Notice: Trying to get property 'display_name' of non-object in /var/www/html/wp-content/plugins/wordpress-seo/src/generators/schema/article.php on line 52
keyboard_arrow_uptop

While looking toward the future with our comprehensive slate of current content, we'd also like to recognize our rich past by drawing upon our extensive (and mostly free) online archive of work dating back to 1997. In an effort to highlight the best of what's gone before, we'll be bringing you a weekly blast from BP's past, introducing or re-introducing you to some of the most informative and entertaining authors who have passed through our virtual halls. If you have fond recollections of a BP piece that you'd like to nominate for re-exposure to a wider audience, send us your suggestion.

Realignment proposals have been floating around for some time, as evidenced by the following discussion, which originally ran as a "Prospectus Roundtable" on March 20, 2000.

About two weeks ago, the story broke that Major League Baseball was contemplating another round of realignment for the 2001 season. While the plan floated is subject to change, the primary adjustments would lead to a four-division, no-wild-card National League, and a three-division, wild-card American League. The two most recent expansion teams would switch leagues, and teams would be aligned in a time-zone-friendly manner.

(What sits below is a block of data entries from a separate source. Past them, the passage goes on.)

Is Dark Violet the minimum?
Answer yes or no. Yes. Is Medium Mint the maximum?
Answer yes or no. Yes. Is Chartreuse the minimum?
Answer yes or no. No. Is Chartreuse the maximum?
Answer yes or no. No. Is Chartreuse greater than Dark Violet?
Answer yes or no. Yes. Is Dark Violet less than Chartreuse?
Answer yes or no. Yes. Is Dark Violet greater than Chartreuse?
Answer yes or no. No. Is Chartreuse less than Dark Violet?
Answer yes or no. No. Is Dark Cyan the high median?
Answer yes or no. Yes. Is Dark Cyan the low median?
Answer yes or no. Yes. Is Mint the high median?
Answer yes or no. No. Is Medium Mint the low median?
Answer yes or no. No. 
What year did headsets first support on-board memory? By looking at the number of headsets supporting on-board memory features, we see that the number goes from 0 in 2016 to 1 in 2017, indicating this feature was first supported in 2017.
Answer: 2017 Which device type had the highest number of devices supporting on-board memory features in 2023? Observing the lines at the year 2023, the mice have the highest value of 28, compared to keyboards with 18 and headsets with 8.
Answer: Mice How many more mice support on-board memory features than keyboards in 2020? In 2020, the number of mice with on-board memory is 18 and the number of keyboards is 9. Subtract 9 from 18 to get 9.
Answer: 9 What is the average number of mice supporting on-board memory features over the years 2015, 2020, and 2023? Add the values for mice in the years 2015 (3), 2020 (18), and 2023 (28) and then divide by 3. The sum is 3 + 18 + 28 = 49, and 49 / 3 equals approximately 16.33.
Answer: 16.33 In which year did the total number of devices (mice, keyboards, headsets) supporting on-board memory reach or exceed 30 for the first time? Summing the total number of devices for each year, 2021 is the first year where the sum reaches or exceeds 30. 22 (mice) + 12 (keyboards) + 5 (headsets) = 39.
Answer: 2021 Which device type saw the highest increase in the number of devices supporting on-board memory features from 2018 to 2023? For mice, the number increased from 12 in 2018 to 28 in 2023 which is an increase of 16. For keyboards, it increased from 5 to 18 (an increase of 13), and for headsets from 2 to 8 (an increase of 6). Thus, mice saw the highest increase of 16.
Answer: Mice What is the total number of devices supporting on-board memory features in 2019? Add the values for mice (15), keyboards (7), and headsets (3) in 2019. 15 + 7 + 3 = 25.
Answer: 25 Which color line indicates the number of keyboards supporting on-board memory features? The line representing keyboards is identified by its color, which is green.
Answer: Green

Jeff Hildebrand: Take this with the grain of salt it deserves given the source, but Jayson Stark's column in today's Philadelphia Inquirer mentioned in passing that the current plan is indeed to forcibly move the Diamondbacks to the American League after this season. While he didn't give a full rundown, I think the plan is as follows:

National League

East —- Montreal New York Philadelphia Pittsburgh

South —- Atlanta Houston Florida Tampa Bay

Central —- Chicago Cincinnati St. Louis Milwaukee

West —- Colorado Los Angeles San Diego San Francisco

American League

East —- Boston Baltimore New York Toronto

Central —- Chicago Cleveland Detroit Kansas City Minnesota Texas

West —- Anaheim Arizona Oakland Seattle

Now am I missing something or does this make far too much sense to actually happen? The geographic groupings actually match the names, and are such that travel times aren't too awful for in-division play. The two teams switching leagues don't have any substantial history, so it's not a big blow to tradition. It gets rid of one of the wild cards, which I'm in favor of, and I assume in a few years there would be two more expansion teams added to the AL and it would go to the same four-by-four format.

As a Phillies fan I love the idea, if for no other reason than it gets the damn Braves out of the NL East. Having the chance to continue the Philadelphia/Pittsburgh rivalry is extremely nice as well. I'm sure the New York media spin would be that this sets up the Mets as perpetual title contenders, but I'd make Pittsburgh the very early frontrunners in that setup, assuming they don't make any further idiotic moves on the order of Pat Meares or Wil Cordero.

And at least for the first few years we should see some spectacular pennant races in the NL South between Atlanta and Houston.

Anyone seeing major flaws in this particular plan?

Keith Law: Yes: the advent of the sub-.500 playoff team. Four-team divisions are an atrocity.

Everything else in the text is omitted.